# [Problem details]
Every line of the records below that has the word "name" should be copied.

Stored data entries
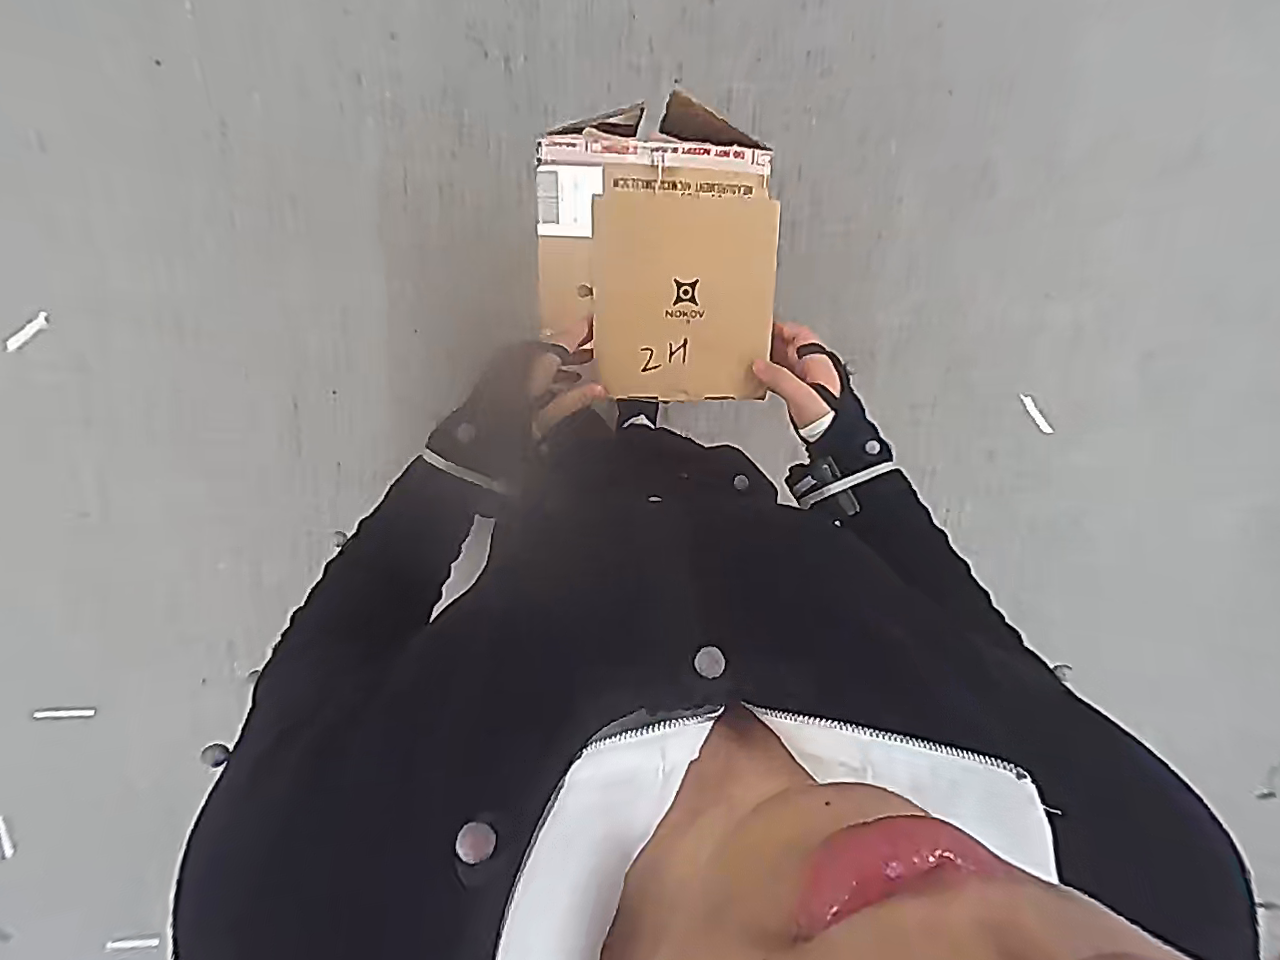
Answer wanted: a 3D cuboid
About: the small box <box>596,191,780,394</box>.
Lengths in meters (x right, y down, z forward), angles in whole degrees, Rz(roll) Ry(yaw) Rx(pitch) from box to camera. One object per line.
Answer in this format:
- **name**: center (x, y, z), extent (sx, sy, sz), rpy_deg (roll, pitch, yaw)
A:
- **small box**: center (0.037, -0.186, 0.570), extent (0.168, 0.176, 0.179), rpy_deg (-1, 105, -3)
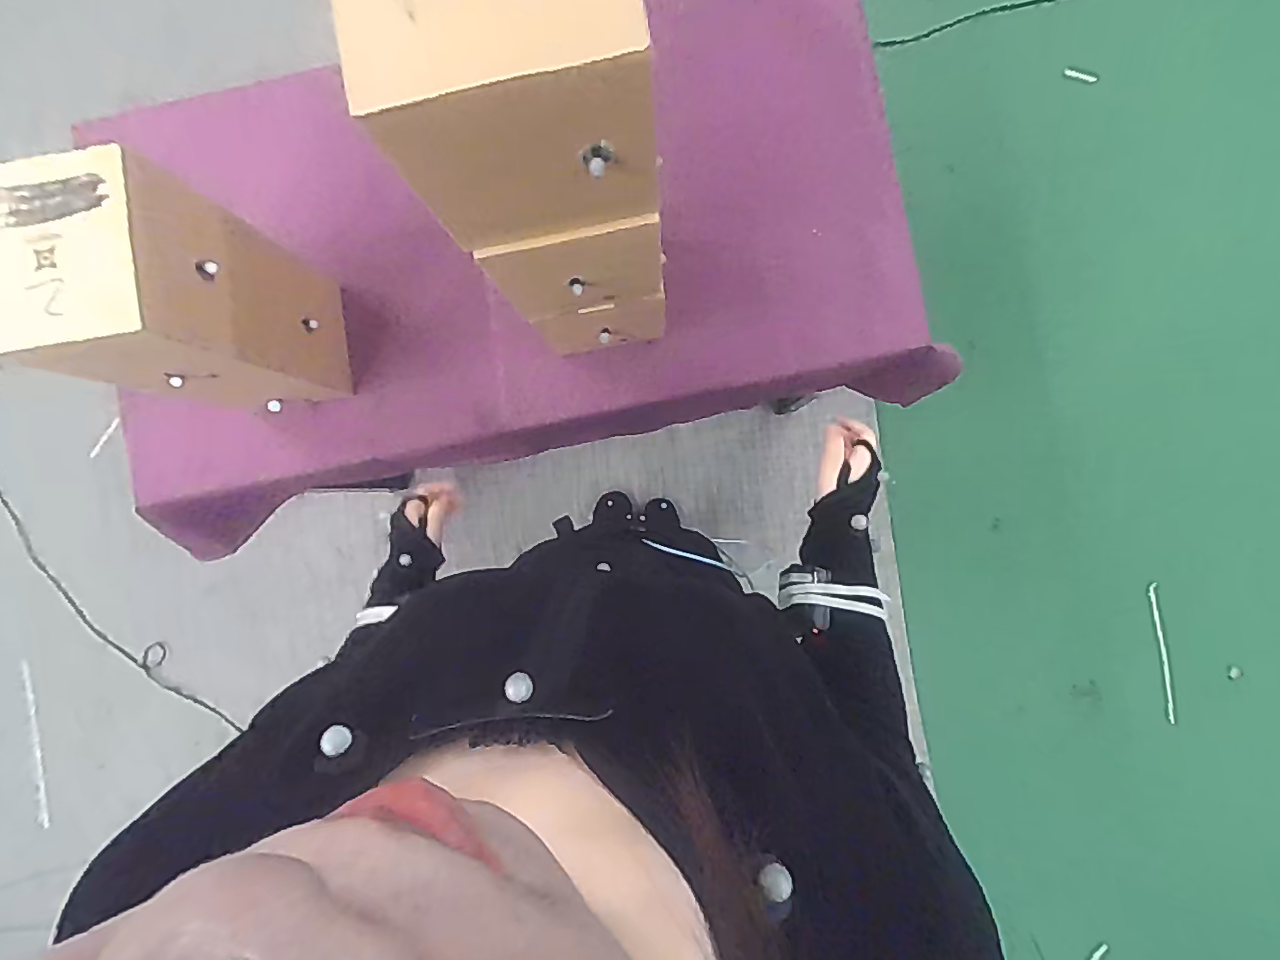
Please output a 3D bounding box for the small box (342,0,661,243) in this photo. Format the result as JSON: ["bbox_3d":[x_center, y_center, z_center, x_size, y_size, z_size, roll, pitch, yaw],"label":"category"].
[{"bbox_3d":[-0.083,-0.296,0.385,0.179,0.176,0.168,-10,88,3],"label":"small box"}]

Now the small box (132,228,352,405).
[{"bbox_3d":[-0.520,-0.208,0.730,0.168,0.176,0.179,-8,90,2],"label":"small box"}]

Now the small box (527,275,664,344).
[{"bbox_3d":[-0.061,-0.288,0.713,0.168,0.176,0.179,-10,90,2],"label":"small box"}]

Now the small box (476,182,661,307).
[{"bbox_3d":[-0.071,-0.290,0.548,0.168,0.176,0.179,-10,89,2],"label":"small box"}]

==

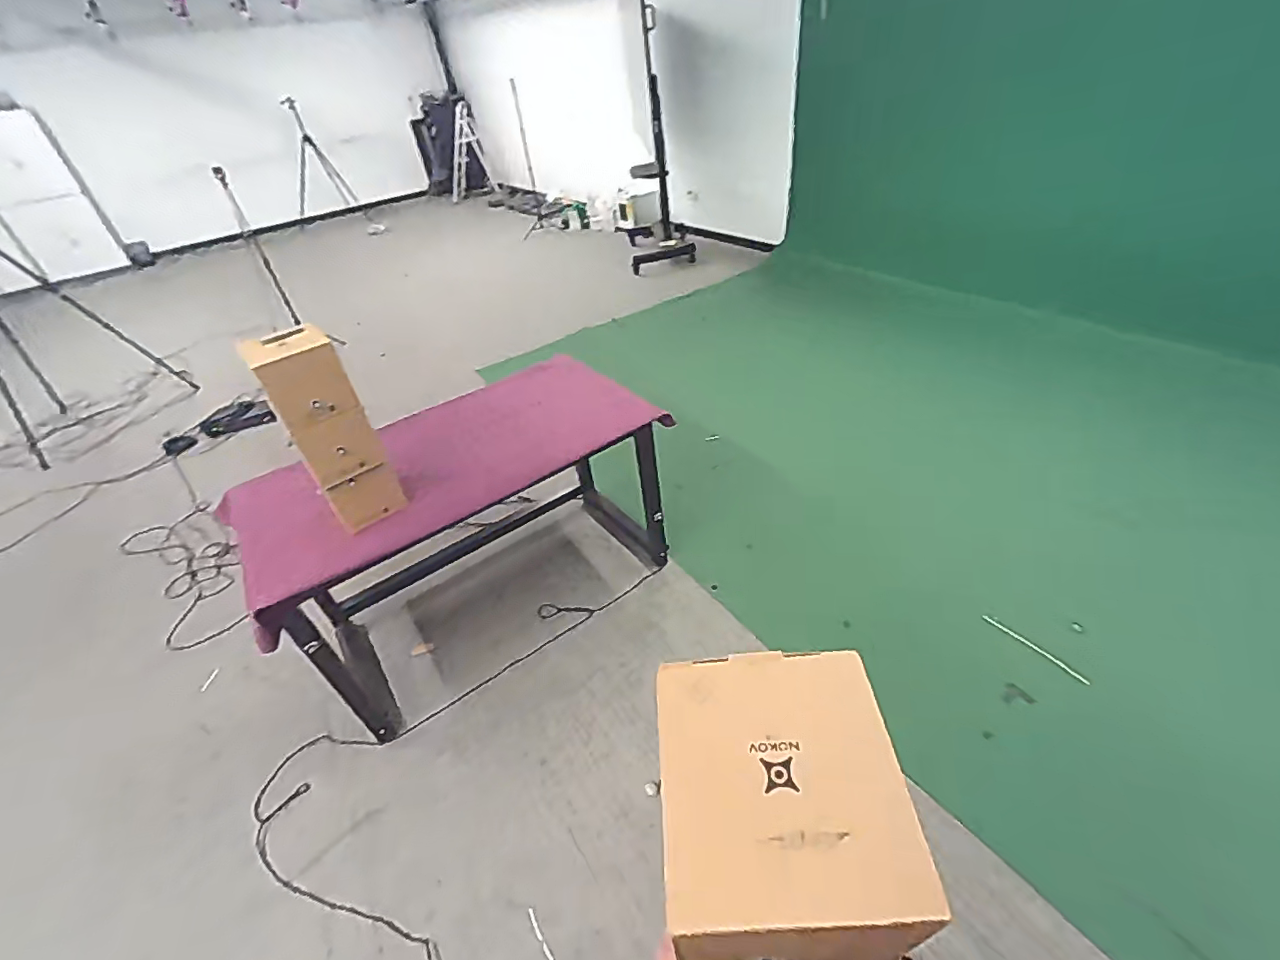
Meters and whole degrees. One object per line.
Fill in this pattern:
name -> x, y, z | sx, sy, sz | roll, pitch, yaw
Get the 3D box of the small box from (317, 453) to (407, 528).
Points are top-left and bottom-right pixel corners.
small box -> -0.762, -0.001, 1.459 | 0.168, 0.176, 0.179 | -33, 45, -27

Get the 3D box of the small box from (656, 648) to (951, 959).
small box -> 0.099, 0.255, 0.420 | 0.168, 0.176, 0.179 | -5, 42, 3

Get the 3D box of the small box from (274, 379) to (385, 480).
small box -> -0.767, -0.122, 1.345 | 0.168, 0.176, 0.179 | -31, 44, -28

* * *

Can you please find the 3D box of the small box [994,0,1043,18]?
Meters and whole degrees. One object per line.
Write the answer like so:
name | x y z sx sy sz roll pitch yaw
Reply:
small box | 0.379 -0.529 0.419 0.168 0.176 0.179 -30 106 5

# [Task output]
- **name**: center (x, y, z), extent (sx, sy, sz), rpy_deg (roll, pitch, yaw)
name -> x, y, z | sx, sy, sz | roll, pitch, yaw
name | x y z sx sy sz roll pitch yaw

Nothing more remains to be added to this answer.